According to several media reports, a group of hackers who call themselves ‘Hack for Trump’ have tried to extort $30,000 USD after compromising a Bahamas-based financial services group.
Hack for Trump planned to publish the sensitive data it hoovered up from the Fidelity Bank breach, unless the bank coughed up the ransom.
The money is destined to support Trump’s presidential campaign, say the hackers.
Tribune Business received
the following statement:
“Our name is Hack For Trump and we wish to inform you that we hacked the website of Fidelity Group (fidelitygroup.com), an offshore bank with offices in the Cayman Islands and in the Bahamas.
“We did not get access to their customers’ financial data, but we managed to dump three databases serving their main website. This data contains various confidential details about the bank, as well as hundreds of e-mails sent by prospective and existing customers, both local and foreign ones.
“We demanded $30,000 from Fidelity Group, payable before Friday September 18, in exchange for not posting their databases on the Internet.
“If Fidelity does pay us, we plan on using those funds to help Donald Trump get elected to the White House, as he is the only candidate who can restore America to its former glory.”
Fidelity Bank’s chairman, Anwer Sunderji, confirmed
to Tribute Business that Hack for Trump made contact and demanded a ransom payment for not publically posting the hacked data online.
He said that the malfeasants “appeared to have hacked an external server that hosts Fidelity’s public website, adding that it holds ‘minimal information’.” The bank has been reassuring clients that there has been no widespread leak of personal financial data.
“We’re not going to pay them $30,000. It’s blackmail; a shakedown,” said the bank’s chairman.

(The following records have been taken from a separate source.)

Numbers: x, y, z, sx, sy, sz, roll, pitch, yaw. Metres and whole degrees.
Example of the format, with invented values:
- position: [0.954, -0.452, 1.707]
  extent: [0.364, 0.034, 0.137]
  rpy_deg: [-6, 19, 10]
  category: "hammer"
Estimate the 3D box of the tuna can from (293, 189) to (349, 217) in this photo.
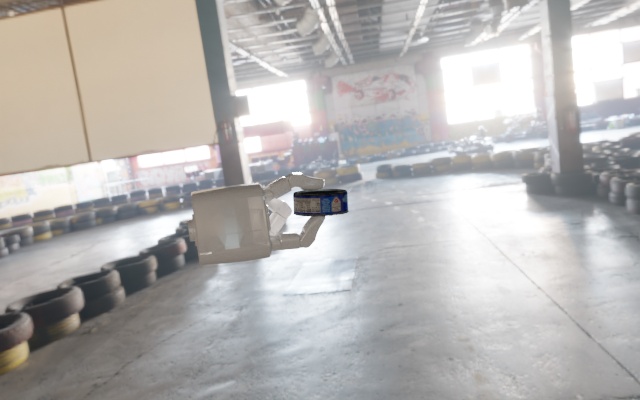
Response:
- position: [0.000, 0.002, 0.734]
  extent: [0.086, 0.034, 0.086]
  rpy_deg: [-2, 6, 0]
  category: "tuna can"
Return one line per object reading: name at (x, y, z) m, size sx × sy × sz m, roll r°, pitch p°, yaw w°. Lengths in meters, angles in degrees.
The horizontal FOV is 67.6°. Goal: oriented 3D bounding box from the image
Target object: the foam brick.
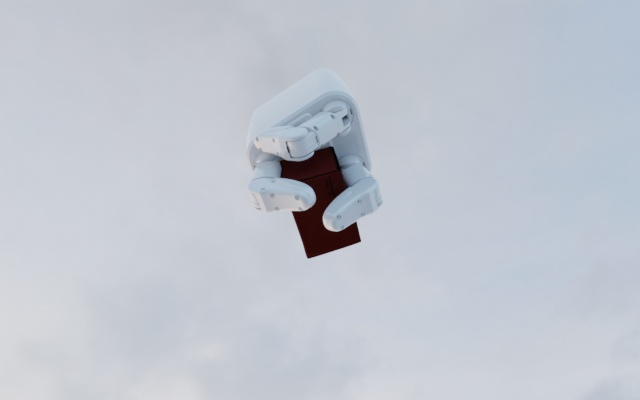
foam brick at (0.000, 0.002, 0.428) m, size 0.053 × 0.078 × 0.051 m, roll -16°, pitch 29°, yaw 1°

Is it a worry that Fidelity’s chairman is sounding a little laissez-faire about the attack? He is quoted by the Tribute Business, saying “They hacked a vendor’s server, and got some information that’s not terribly important to us.” We can only hope the bank’s customers agree.
from the Nassau Guardian state data protection Commissioner Sharmie Farrington-Austin has launched an investigation into breach. She points out there there are four important elements for the data controller’s breach-management plan, “which she noted had been adopted from the United Kingdom.”
1. Containment and recovery
2. Risk assessment
3. Notification of breaches
4. Evaluation and response
Fidelity Bank is by no means the first company who suffered data loss, but it is the first extortion that I am aware of which is tied to supporting a presidential candidate. Trump is not new to online snafus. In August, his corporate website was reportedly hacked to give thanks to Daily Show’s then host, Jon Stewart.